Want to learn Perl? Good tutorials can be hard to find, and many of the top tutorials that Google directs people towards were written over 10 years ago and do not teach best practices. In fact, some of the practices that they encourage are downright bad practices. If you’re just starting out with Perl and you want to learn modern Perl programming techniques and practices start with a tutorial that was written recently using a modern version of Perl.
I recommend the following guides:
- Modern Perl by Chromatic. Yes, he sells this as a book (which you should buy), but you can also download the PDF version for free (as well as other electronic formats) if you want to check it out.

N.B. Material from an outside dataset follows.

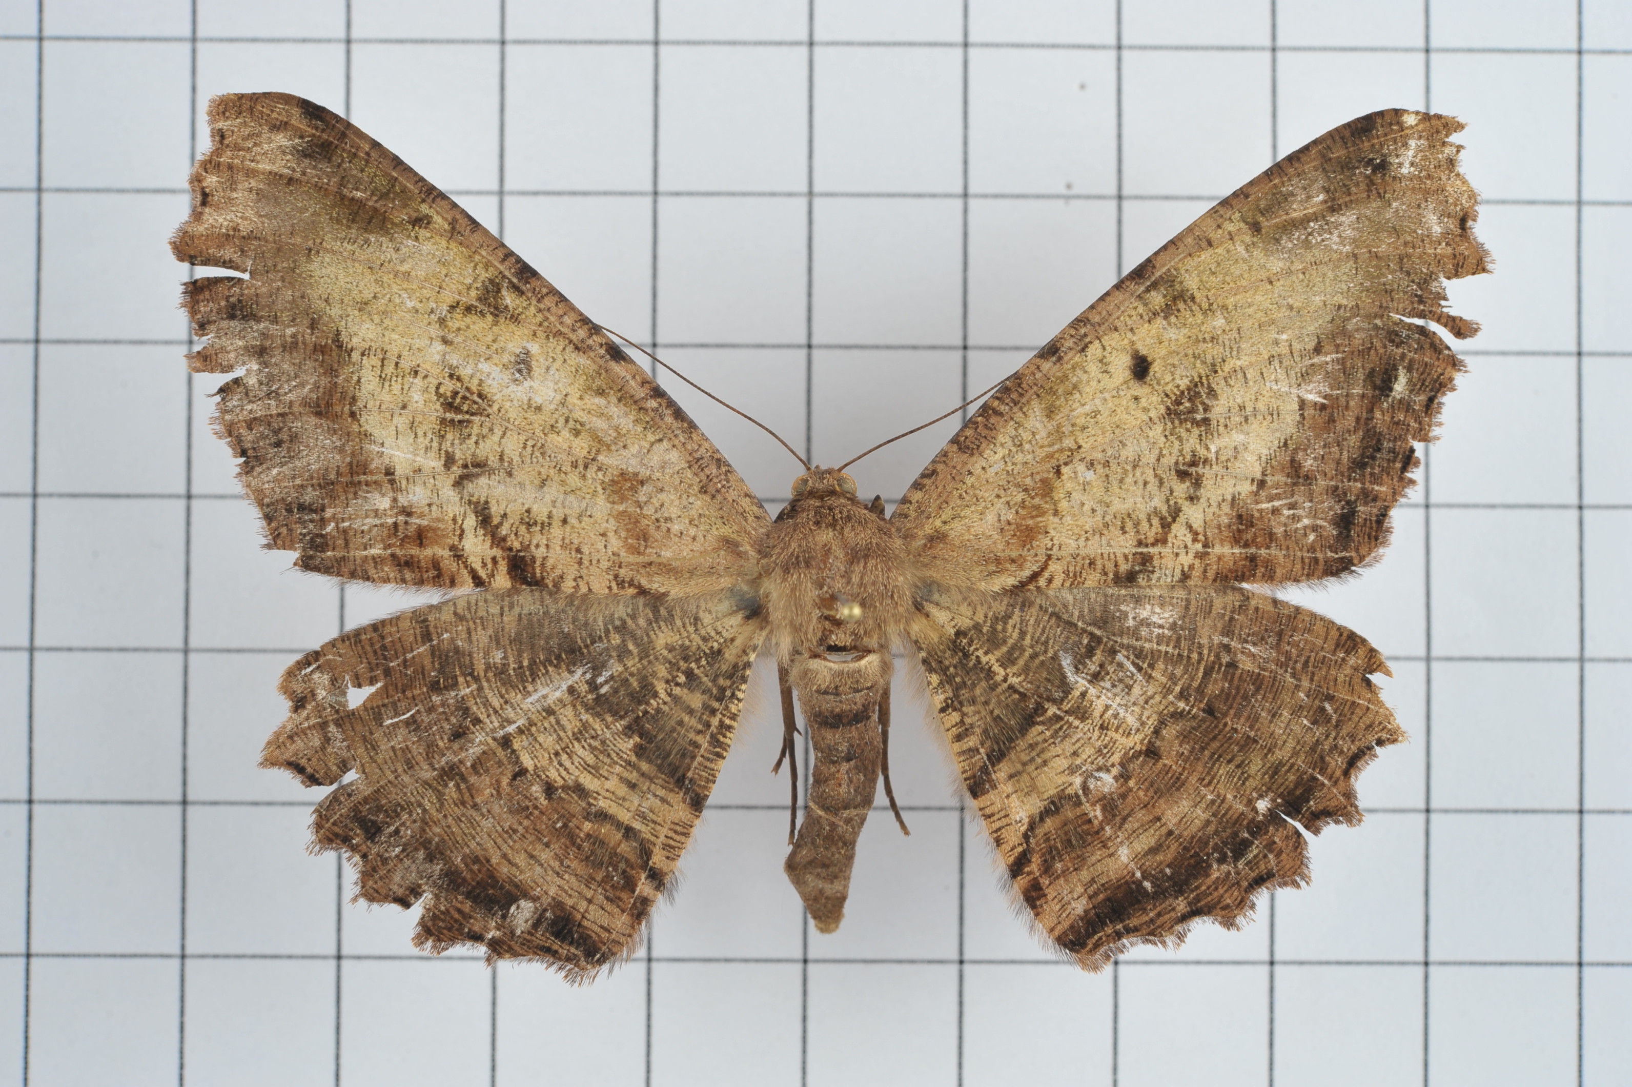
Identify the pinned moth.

- Learn Perl by Eric Wilhelm @ Scratch Computing. Quick tutorial that teaches Perl using modern features from Perl 5.10+.
- Perl tutorial videos by Gabor Szabo. Gabor has been teaching Perl classes for over 13 years. This series of video tutorials was taken from some of his recent classes.
- Perl Tutorial for Beginners. Udemy offers a free tutorial beginners and a series of video lectures for $29.
Once you’ve digested the basics, move on to these more advanced topics:
- Perl for Facebook – Write a Perl program that works with Facebook data, pulling data from and updating information on Facebook.
- Net::Twitter – You can also write Perl apps that work with Twitter using Twitter API calls in Perl.
- Moose – Moose is a complete object system for Perl. You can create objects from scratch using Perl, or you can use any one of dozens of modules that create objects for you. Moose is an easy to use and comprehensive object system, well worth the time to learn.
- DBIx::Class – Object-relational mapping simplified. Store your objects in a database.
- Dancer – A micro web application framework for Perl. Fast, lightweight, and powerful.
- Catalyst – Web framework for Perl similar to Ruby on Rails.
- PSGI/Plack– From the website: “PSGI is an interface between Perl web applications and web servers, and Plack is a Perl module and toolkit that contains PSGI middleware, helpers and adapters to web servers.” If you’re writing large, scalable, service-oriented web applications in Perl, check out PSGI/Plack.